Hilsman:
Oh, look, we didn't know, we knew a lot about coup plotting or at least we got a lot of intelligence about coup plotting. Ninety-nine percent of the coup that were plotted never happened and so that most of us were terribly skeptical of it.
This particular coup we certainly knew that some of these generals were plotting. We did not know one was scheduled for November 1, as my story about Admiral Felt and Ambassador Lodge will illustrate.
Ah. Most of us really didn't believe it would happen. Ah. People would talk about ah ah ah trying, you know, trying to, to, to encourage a coup is like pushing a piece of cooked spaghetti, but I have no doubt in my mind that things that we did encouraged a coup.
President Kennedy on Walter Cronkite's program in full view of the whole world saying there must be changes in policy and personnel is bound to encourage a coup. We all knew that. You, there's nothing that you can do that disapproves of Ngo Dinh Diem that doesn't encourage a coup. So, there, of course, we, of course, this, this encourages a coup.
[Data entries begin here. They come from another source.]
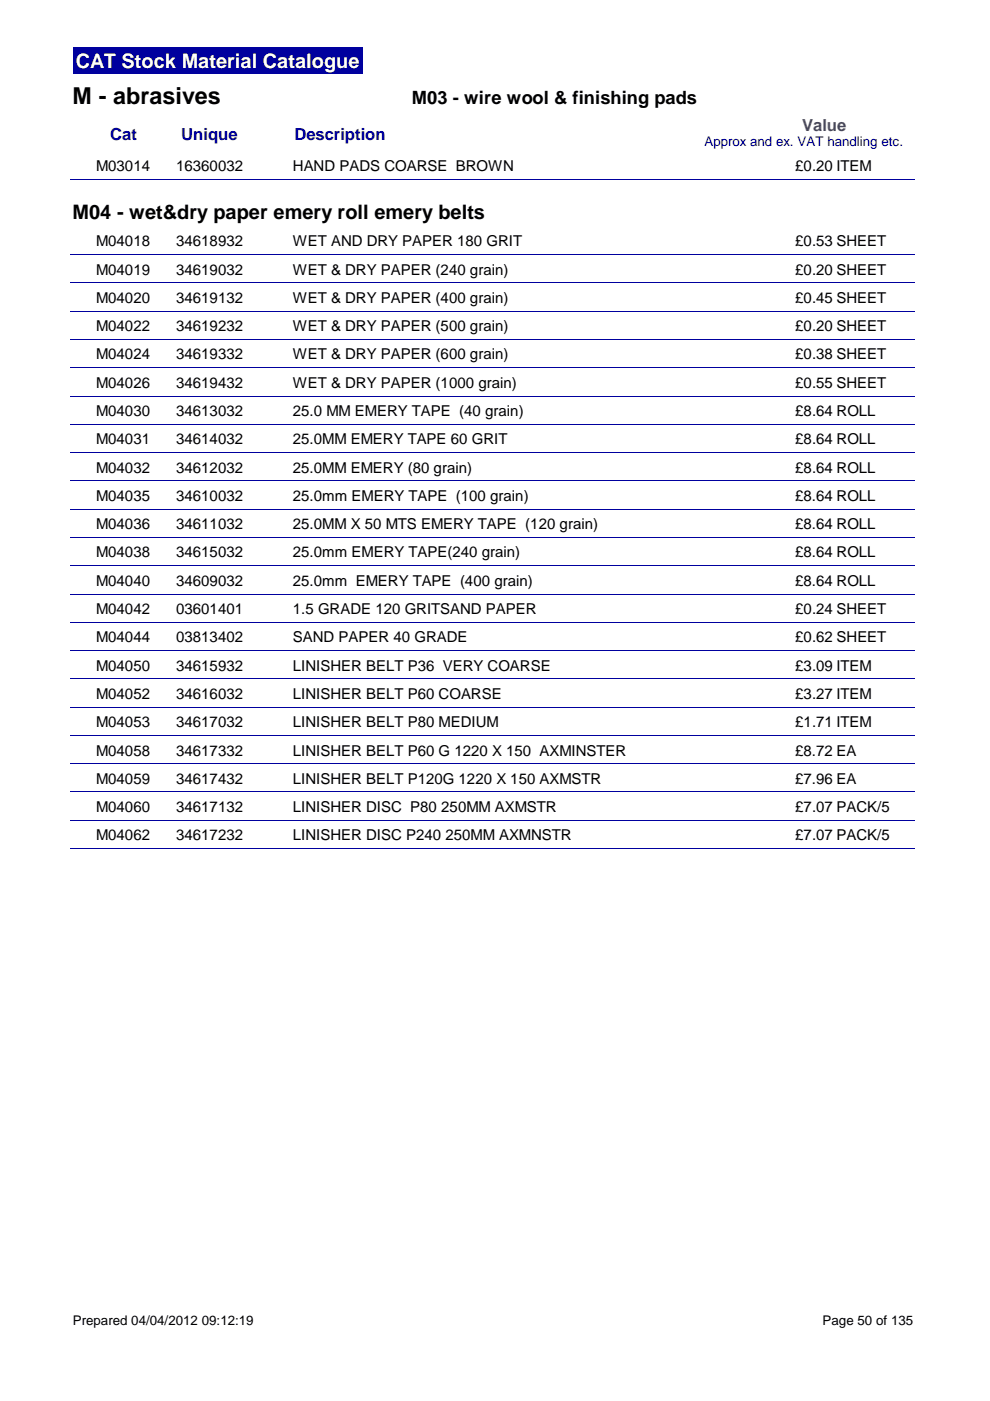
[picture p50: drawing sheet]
<svg xmlns="http://www.w3.org/2000/svg" width="210mm" height="297mm" viewBox="0 0 210 297" stroke-linecap="round" stroke-linejoin="round" font-family="sans-serif">
<defs><g id="words">
<text font-size="4.9" x="15.4" y="22.1">M - abrasives</text>
<text font-size="4.2" fill="#fff" x="16" y="14.4">CAT Stock Material Catalogue</text>
<text font-size="4.2" x="15.4" y="46.5">M04 - wet&amp;dry paper emery roll emery belts</text>
<text font-size="3.9" x="87.3" y="22.1">M03 - wire wool &amp; finishing pads</text>
<g font-size="3.5" fill="#00009e">
<text x="23.4" y="29.7">Cat</text>
<text x="38.4" y="29.8">Unique</text>
<text x="62.4" y="29.8">Description</text>
</g>
<text font-size="3.5" fill="#800080" x="170.1" y="27.7">Value</text>
<g font-size="3.2">
<text x="20.4" y="36.2">M03014</text>
<text x="37.3" y="36.2">16360032</text>
<text x="62.1" y="36.2">HAND PADS COARSE BROWN</text>
<text x="168.6" y="36.2">£0.20 ITEM</text>
<text x="20.4" y="52.2">M04018</text>
<text x="37.3" y="52.2">34618932</text>
<text x="62.1" y="52.2">WET AND DRY PAPER 180 GRIT</text>
<text x="168.6" y="52.2">£0.53 SHEET</text>
<text x="20.4" y="58.2">M04019</text>
<text x="37.3" y="58.2">34619032</text>
<text x="62.1" y="58.2">WET &amp; DRY PAPER (240 grain)</text>
<text x="168.6" y="58.2">£0.20 SHEET</text>
<text x="20.4" y="64.2">M04020</text>
<text x="37.3" y="64.2">34619132</text>
<text x="62.1" y="64.2">WET &amp; DRY PAPER (400 grain)</text>
<text x="168.6" y="64.2">£0.45 SHEET</text>
<text x="20.4" y="70.2">M04022</text>
<text x="37.3" y="70.2">34619232</text>
<text x="62.1" y="70.2">WET &amp; DRY PAPER (500 grain)</text>
<text x="168.6" y="70.2">£0.20 SHEET</text>
<text x="20.4" y="76.2">M04024</text>
<text x="37.3" y="76.2">34619332</text>
<text x="62.1" y="76.2">WET &amp; DRY PAPER (600 grain)</text>
<text x="168.6" y="76.2">£0.38 SHEET</text>
<text x="20.4" y="82.2">M04026</text>
<text x="37.3" y="82.2">34619432</text>
<text x="62.1" y="82.2">WET &amp; DRY PAPER (1000 grain)</text>
<text x="168.6" y="82.2">£0.55 SHEET</text>
<text x="20.4" y="88.2">M04030</text>
<text x="37.3" y="88.2">34613032</text>
<text x="62.1" y="88.2">25.0 MM EMERY TAPE (40 grain)</text>
<text x="168.6" y="88.2">£8.64 ROLL</text>
<text x="20.4" y="94.2">M04031</text>
<text x="37.3" y="94.2">34614032</text>
<text x="62.1" y="94.2">25.0MM EMERY TAPE 60 GRIT</text>
<text x="168.6" y="94.2">£8.64 ROLL</text>
<text x="20.4" y="100.2">M04032</text>
<text x="37.3" y="100.2">34612032</text>
<text x="62.1" y="100.2">25.0MM EMERY (80 grain)</text>
<text x="168.6" y="100.2">£8.64 ROLL</text>
<text x="20.4" y="106.2">M04035</text>
<text x="37.3" y="106.2">34610032</text>
<text x="62.1" y="106.2">25.0mm EMERY TAPE (100 grain)</text>
<text x="168.6" y="106.2">£8.64 ROLL</text>
<text x="20.4" y="112.2">M04036</text>
<text x="37.3" y="112.2">34611032</text>
<text x="62.1" y="112.2">25.0MM X 50 MTS EMERY TAPE (120 grain)</text>
<text x="168.6" y="112.2">£8.64 ROLL</text>
<text x="20.4" y="118.2">M04038</text>
<text x="37.3" y="118.2">34615032</text>
<text x="62.1" y="118.2">25.0mm EMERY TAPE(240 grain)</text>
<text x="168.6" y="118.2">£8.64 ROLL</text>
<text x="20.4" y="124.2">M04040</text>
<text x="37.3" y="124.2">34609032</text>
<text x="62.1" y="124.2">25.0mm EMERY TAPE (400 grain)</text>
<text x="168.6" y="124.2">£8.64 ROLL</text>
<text x="20.4" y="130.2">M04042</text>
<text x="37.3" y="130.2">03601401</text>
<text x="62.1" y="130.2">1.5 GRADE 120 GRITSAND PAPER</text>
<text x="168.6" y="130.2">£0.24 SHEET</text>
<text x="20.4" y="136.2">M04044</text>
<text x="37.3" y="136.2">03813402</text>
<text x="62.1" y="136.2">SAND PAPER 40 GRADE</text>
<text x="168.6" y="136.2">£0.62 SHEET</text>
<text x="20.4" y="142.2">M04050</text>
<text x="37.3" y="142.2">34615932</text>
<text x="62.1" y="142.2">LINISHER BELT P36 VERY COARSE</text>
<text x="168.6" y="142.2">£3.09 ITEM</text>
<text x="20.4" y="148.2">M04052</text>
<text x="37.3" y="148.2">34616032</text>
<text x="62.1" y="148.2">LINISHER BELT P60 COARSE</text>
<text x="168.6" y="148.2">£3.27 ITEM</text>
<text x="20.4" y="154.2">M04053</text>
<text x="37.3" y="154.2">34617032</text>
<text x="62.1" y="154.2">LINISHER BELT P80 MEDIUM</text>
<text x="168.6" y="154.2">£1.71 ITEM</text>
<text x="20.4" y="160.2">M04058</text>
<text x="37.3" y="160.2">34617332</text>
<text x="62.1" y="160.2">LINISHER BELT P60 G 1220 X 150 AXMINSTER</text>
<text x="168.6" y="160.2">£8.72 EA</text>
<text x="20.4" y="166.2">M04059</text>
<text x="37.3" y="166.2">34617432</text>
<text x="62.1" y="166.2">LINISHER BELT P120G 1220 X 150 AXMSTR</text>
<text x="168.6" y="166.2">£7.96 EA</text>
<text x="20.4" y="172.2">M04060</text>
<text x="37.3" y="172.2">34617132</text>
<text x="62.1" y="172.2">LINISHER DISC P80 250MM AXMSTR</text>
<text x="168.6" y="172.2">£7.07 PACK/5</text>
<text x="20.4" y="178.2">M04062</text>
<text x="37.3" y="178.2">34617232</text>
<text x="62.1" y="178.2">LINISHER DISC P240 250MM AXMNSTR</text>
<text x="168.6" y="178.2">£7.07 PACK/5</text>
</g>
<text font-size="2.8" fill="#00009e" x="149.4" y="30.9">Approx and ex. VAT handling etc.</text>
<g font-size="2.8">
<text x="15.4" y="281">Prepared 04/04/2012 09:12:19</text>
<text x="174.4" y="281">Page 50 of 135</text>
</g>
</g></defs>
<path d="M15.4 10h61.4v5.6h-61.4z" fill="#00009e"/>
<g fill="none" stroke="#00009e" stroke-width=".21">
<path d="M15 38h179M15 54h179M15 60h179M15 66h179M15 72h179M15 78h179M15 84h179M15 90h179M15 96h179M15 102h179M15 108h179M15 113.9h179"/>
<path d="M15 120h179M15 126h179M15 131.9h179M15 137.9h179M15 144h179M15 149.9h179M15 155.9h179M15 161.9h179M15 167.9h179M15 173.9h179M15 179.9h179"/>
</g>
<use href="#words"/>
</svg>

As it turned out, interestingly enough, something happened. I later learned, years later in talking to the Vietnamese generals and, and politicians, I learned that something happened that we had no realization of at all. Probably had more to do to encourage a coup than anything else. And, that was Ambassador Lodge and ah John Richardson, the CIA Chief, had a falling out.
Apparently, it had nothing to with ah anything, you know. It was unrelated to these matters and, ah, Lodge called for, rrrr, asked for Richardson's recall, but Richardson was close to Nhu and apparently the generals interpreted this as a signal but we never intended it so.
So, you know, eh, yes, almost anything you do is going to be interpreted and picked over in these countries ah either favorably or unfavorably. So, I would say, but, but, you know in a very real sense the ultimate responsibility for the coup lay with President Ngo Dinh Diem, because he did things that we told him over and over and over again that if he did them, we would have to publicly disapprove of them, and that this would encourage a coup and he said, I know.
Now, he went ahead and did them, and we had to publicly disapprove of the. There was no choice. American people is not going to stand still for, for, and let you be silent when one of your allies kills Buddhist nuns and priests. We had to condemn in publicly. And, that encouraged coups. It's as simple as that.